[Start of Attachment]

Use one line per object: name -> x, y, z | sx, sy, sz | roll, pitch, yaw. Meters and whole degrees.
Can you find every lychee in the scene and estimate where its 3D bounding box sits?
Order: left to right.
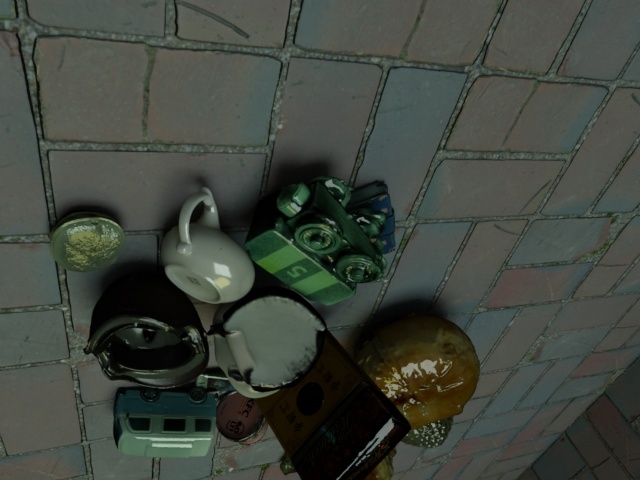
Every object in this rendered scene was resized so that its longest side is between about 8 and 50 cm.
lychee -> 0.323, 0.594, 1.781 | 0.255, 0.274, 0.255 | -35, 167, -9

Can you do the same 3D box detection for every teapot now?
teapot -> -0.227, 0.033, 1.050 | 0.205, 0.139, 0.298 | 20, 148, 17

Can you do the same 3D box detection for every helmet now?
helmet -> -0.372, 0.188, 1.123 | 0.225, 0.177, 0.305 | -15, 143, -3

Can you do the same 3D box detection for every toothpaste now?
toothpaste -> -0.164, 0.398, 1.499 | 0.393, 0.061, 0.098 | -2, 137, -19

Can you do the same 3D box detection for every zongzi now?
zongzi -> -0.070, 0.831, 1.971 | 0.154, 0.062, 0.130 | 4, 118, -35

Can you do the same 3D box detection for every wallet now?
wallet -> 0.109, -0.035, 1.208 | 0.141, 0.059, 0.202 | -22, 136, -6

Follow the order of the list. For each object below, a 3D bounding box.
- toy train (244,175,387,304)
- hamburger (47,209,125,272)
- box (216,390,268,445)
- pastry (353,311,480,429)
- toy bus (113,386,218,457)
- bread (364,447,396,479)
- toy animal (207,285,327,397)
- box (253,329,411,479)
toy train -> 0.000, 0.000, 1.078 | 0.238, 0.166, 0.299 | -26, 127, 36
hamburger -> -0.449, -0.001, 0.988 | 0.133, 0.062, 0.140 | 7, 126, -34
box -> -0.230, 0.542, 1.555 | 0.151, 0.151, 0.135 | -19, 146, -6
pastry -> 0.272, 0.389, 1.545 | 0.410, 0.245, 0.409 | -6, 125, -9
toy bus -> -0.424, 0.499, 1.394 | 0.272, 0.164, 0.133 | 9, 128, -19
bread -> 0.112, 0.725, 1.817 | 0.315, 0.191, 0.369 | 4, 131, 29
toy animal -> -0.129, 0.238, 1.194 | 0.251, 0.250, 0.310 | -7, 171, -18
box -> 0.000, 0.402, 1.287 | 0.264, 0.415, 0.116 | -47, 134, 2

[End of Attachment]

#### Task prompt
Take the data above and repeat it exactly, leaving each picture out.

#### Your response
Use one line per object: name -> x, y, z | sx, sy, sz | roll, pitch, yaw. Meters and whole degrees.
Can you find every lychee in the scene and estimate where its 3D bounding box sits?
Order: left to right.
Every object in this rendered scene was resized so that its longest side is between about 8 and 50 cm.
lychee -> 0.323, 0.594, 1.781 | 0.255, 0.274, 0.255 | -35, 167, -9

Can you do the same 3D box detection for every teapot now?
teapot -> -0.227, 0.033, 1.050 | 0.205, 0.139, 0.298 | 20, 148, 17

Can you do the same 3D box detection for every helmet now?
helmet -> -0.372, 0.188, 1.123 | 0.225, 0.177, 0.305 | -15, 143, -3

Can you do the same 3D box detection for every toothpaste now?
toothpaste -> -0.164, 0.398, 1.499 | 0.393, 0.061, 0.098 | -2, 137, -19

Can you do the same 3D box detection for every zongzi now?
zongzi -> -0.070, 0.831, 1.971 | 0.154, 0.062, 0.130 | 4, 118, -35

Can you do the same 3D box detection for every wallet now?
wallet -> 0.109, -0.035, 1.208 | 0.141, 0.059, 0.202 | -22, 136, -6

Follow the order of the list. For each object below, a 3D bounding box.
- toy train (244,175,387,304)
- hamburger (47,209,125,272)
- box (216,390,268,445)
- pastry (353,311,480,429)
- toy bus (113,386,218,457)
- bread (364,447,396,479)
- toy animal (207,285,327,397)
- box (253,329,411,479)
toy train -> 0.000, 0.000, 1.078 | 0.238, 0.166, 0.299 | -26, 127, 36
hamburger -> -0.449, -0.001, 0.988 | 0.133, 0.062, 0.140 | 7, 126, -34
box -> -0.230, 0.542, 1.555 | 0.151, 0.151, 0.135 | -19, 146, -6
pastry -> 0.272, 0.389, 1.545 | 0.410, 0.245, 0.409 | -6, 125, -9
toy bus -> -0.424, 0.499, 1.394 | 0.272, 0.164, 0.133 | 9, 128, -19
bread -> 0.112, 0.725, 1.817 | 0.315, 0.191, 0.369 | 4, 131, 29
toy animal -> -0.129, 0.238, 1.194 | 0.251, 0.250, 0.310 | -7, 171, -18
box -> 0.000, 0.402, 1.287 | 0.264, 0.415, 0.116 | -47, 134, 2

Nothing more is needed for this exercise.